How can employers create and sustain a workplace where it is the norm for everyone to treat each other with mutual respect?

And how far can employees be their ‘authentic selves’ in the workplace?

The best way of achieving a good and harmonious workplace is for employers to take seriously their responsibility to secure and maintain welcoming and inclusive working environments. That is, working environments where everyone is treated by everyone else, including co-workers and customers, with dignity, respect, and where everyone is confident that they will not be subjected to discriminatory, offensive, humiliating, or intimidating behaviour while they are at work. It is more than merely tolerating co-workers.


Creating a harmonious workplace

But this is not new to employers in Northern Ireland. Many have, over the years, dealt successfully with very difficult and sensitive workplace issues, quite often from the perspective of the historical conflict between the two main religious/political communities here, and often by following guidance issued by the Equality Commission.

It is essential that employers continue to build on their expertise and what has been achieved. They should use the underlying fair employment and equal opportunities principles to secure and maintain harmonious and productive workplaces, where time and money is spent on better things than the consequences of discrimination and harassment.

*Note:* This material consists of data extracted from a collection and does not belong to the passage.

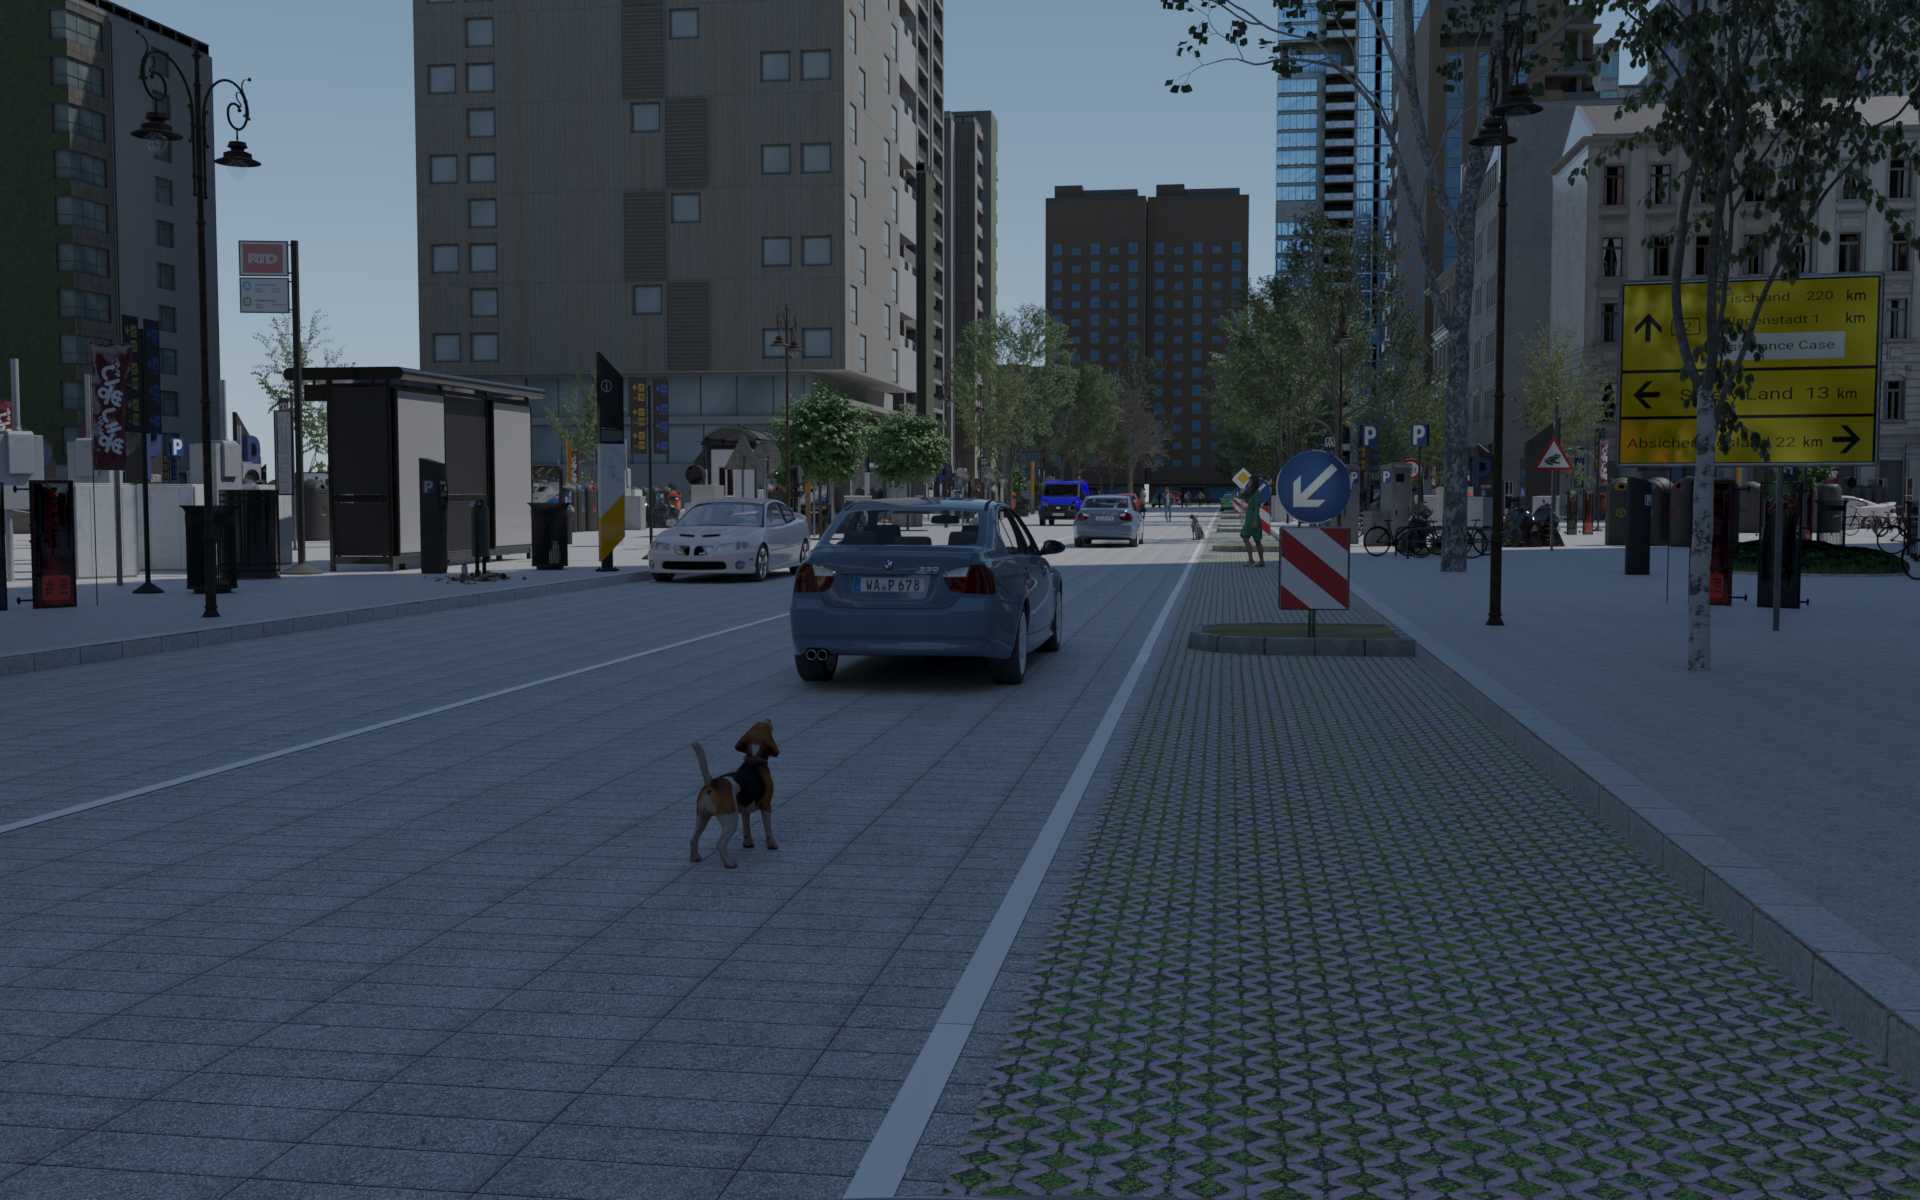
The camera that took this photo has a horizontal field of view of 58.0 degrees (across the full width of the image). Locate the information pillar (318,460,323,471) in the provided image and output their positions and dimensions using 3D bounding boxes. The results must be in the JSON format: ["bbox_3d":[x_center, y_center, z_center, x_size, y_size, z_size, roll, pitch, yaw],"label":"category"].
[{"bbox_3d":[-44.461,-7.897,120.467,0.504,3.616,0.183,2,4,32],"label":"information pillar"}]

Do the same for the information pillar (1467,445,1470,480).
[{"bbox_3d":[22.595,-5.257,77.298,0.183,3.616,0.504,3,4,36],"label":"information pillar"}]

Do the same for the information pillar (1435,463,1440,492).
[{"bbox_3d":[36.217,-8.557,131.265,0.183,3.616,0.504,-1,4,-19],"label":"information pillar"}]

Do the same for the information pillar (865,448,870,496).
[{"bbox_3d":[-3.591,-4.620,66.886,0.183,3.616,0.504,-1,4,-16],"label":"information pillar"}]

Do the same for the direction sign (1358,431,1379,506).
[{"bbox_3d":[14.638,-4.291,62.163,0.876,3.537,0.379,-2,4,-23],"label":"direction sign"}]

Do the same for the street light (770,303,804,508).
[{"bbox_3d":[-4.190,-4.238,42.072,0.468,5.910,1.993,1,4,9],"label":"street light"}]

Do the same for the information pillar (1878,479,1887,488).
[{"bbox_3d":[43.690,-4.745,82.073,0.304,2.012,0.304,-2,4,-29],"label":"information pillar"}]

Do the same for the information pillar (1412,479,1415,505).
[{"bbox_3d":[33.026,-8.273,126.618,0.504,3.616,0.183,3,4,36],"label":"information pillar"}]

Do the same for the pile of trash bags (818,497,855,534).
[{"bbox_3d":[-4.227,-2.837,56.133,1.912,1.369,3.447,1,4,16],"label":"pile of trash bags"}]

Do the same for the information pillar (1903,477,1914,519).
[{"bbox_3d":[41.735,-4.388,76.233,0.304,2.012,0.304,1,4,10],"label":"information pillar"}]

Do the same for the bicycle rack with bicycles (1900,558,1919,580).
[{"bbox_3d":[15.470,-0.698,24.793,2.852,0.926,2.925,-1,4,-9],"label":"bicycle rack with bicycles"}]

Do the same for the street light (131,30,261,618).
[{"bbox_3d":[-7.814,-2.759,17.897,0.468,5.910,1.993,1,4,9],"label":"street light"}]

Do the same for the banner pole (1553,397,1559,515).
[{"bbox_3d":[15.505,-3.374,45.182,0.401,3.779,0.863,1,4,12],"label":"banner pole"}]

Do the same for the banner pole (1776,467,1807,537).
[{"bbox_3d":[20.519,-3.213,42.555,0.863,3.779,0.401,2,4,35],"label":"banner pole"}]

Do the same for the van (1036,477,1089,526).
[{"bbox_3d":[4.825,-4.611,79.774,2.240,2.365,5.245,1,4,10],"label":"van"}]

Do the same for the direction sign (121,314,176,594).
[{"bbox_3d":[-10.517,-1.855,22.333,0.379,3.537,0.876,0,4,2],"label":"direction sign"}]

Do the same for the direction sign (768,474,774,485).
[{"bbox_3d":[-9.538,-5.859,87.793,0.876,3.537,0.379,-2,4,-29],"label":"direction sign"}]

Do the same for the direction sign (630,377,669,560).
[{"bbox_3d":[-6.060,-2.563,33.902,0.379,3.537,0.876,3,5,45],"label":"direction sign"}]

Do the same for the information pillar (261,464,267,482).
[{"bbox_3d":[-52.756,-8.556,131.249,0.504,3.616,0.183,-2,4,-31],"label":"information pillar"}]

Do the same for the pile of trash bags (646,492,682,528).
[{"bbox_3d":[-11.463,-3.449,66.140,1.912,1.369,3.447,1,4,13],"label":"pile of trash bags"}]

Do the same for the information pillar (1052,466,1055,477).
[{"bbox_3d":[7.848,-9.439,145.678,0.183,3.616,0.504,1,4,18],"label":"information pillar"}]

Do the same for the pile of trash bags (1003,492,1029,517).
[{"bbox_3d":[2.947,-5.353,97.275,1.912,1.369,3.447,0,4,1],"label":"pile of trash bags"}]

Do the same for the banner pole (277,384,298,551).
[{"bbox_3d":[-15.358,-3.032,39.590,0.863,3.779,0.401,3,5,42],"label":"banner pole"}]

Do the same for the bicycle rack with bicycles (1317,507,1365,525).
[{"bbox_3d":[11.299,-2.176,48.955,2.925,0.926,2.852,0,4,-5],"label":"bicycle rack with bicycles"}]

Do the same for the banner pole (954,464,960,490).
[{"bbox_3d":[-0.258,-9.401,143.718,0.401,3.779,0.863,-3,5,-42],"label":"banner pole"}]

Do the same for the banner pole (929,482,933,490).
[{"bbox_3d":[-2.118,-8.613,130.832,0.863,3.779,0.401,2,4,25],"label":"banner pole"}]

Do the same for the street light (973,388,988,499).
[{"bbox_3d":[0.897,-6.268,75.269,0.468,5.910,1.993,1,4,9],"label":"street light"}]

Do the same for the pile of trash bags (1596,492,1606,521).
[{"bbox_3d":[31.710,-4.415,81.940,1.912,1.369,3.447,-3,5,-40],"label":"pile of trash bags"}]

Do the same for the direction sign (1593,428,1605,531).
[{"bbox_3d":[21.952,-4.128,59.492,0.379,3.537,0.876,0,4,0],"label":"direction sign"}]

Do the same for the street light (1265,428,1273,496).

Accommodating for aspects of employees’ lives

This does not mean that a working environment must be a “neutral” space, which in any case, is likely to be an impossible standard to aim for. Employees cannot or should not be expected to leave every personal issue at the factory gate or office door.  

Indeed, for many years employers have been expected to take account of and to accommodate aspects of their employees’ lives that might impact on their work, such as pregnancy and maternity, bereavement, their caring responsibilities for children or other relatives, their physical health or disabilities. As may be expected, the range of issues that should be considered by employers evolves and now extends to issues that may in the past have been avoided, such as mental ill health, gender or the menopause.


Setting workplace boundaries

On the other hand, being open and welcoming to everyone cannot mean that “everything goes” or that “everything is allowed”. For example, what might be acceptable social chat in a pub on a Saturday might not be acceptable behaviour in a workplace.

Furthermore, just consider what may happen if employees are encouraged to express their deeply and sincerely held religious or philosophical beliefs or political opinions in the factory or office. Given the variety of these, how might other employees react? Will they passively tolerate them, vociferously oppose them, or feel offended or threatened by them or by the person who expresses them, or feel unwelcomed and a sense of isolation?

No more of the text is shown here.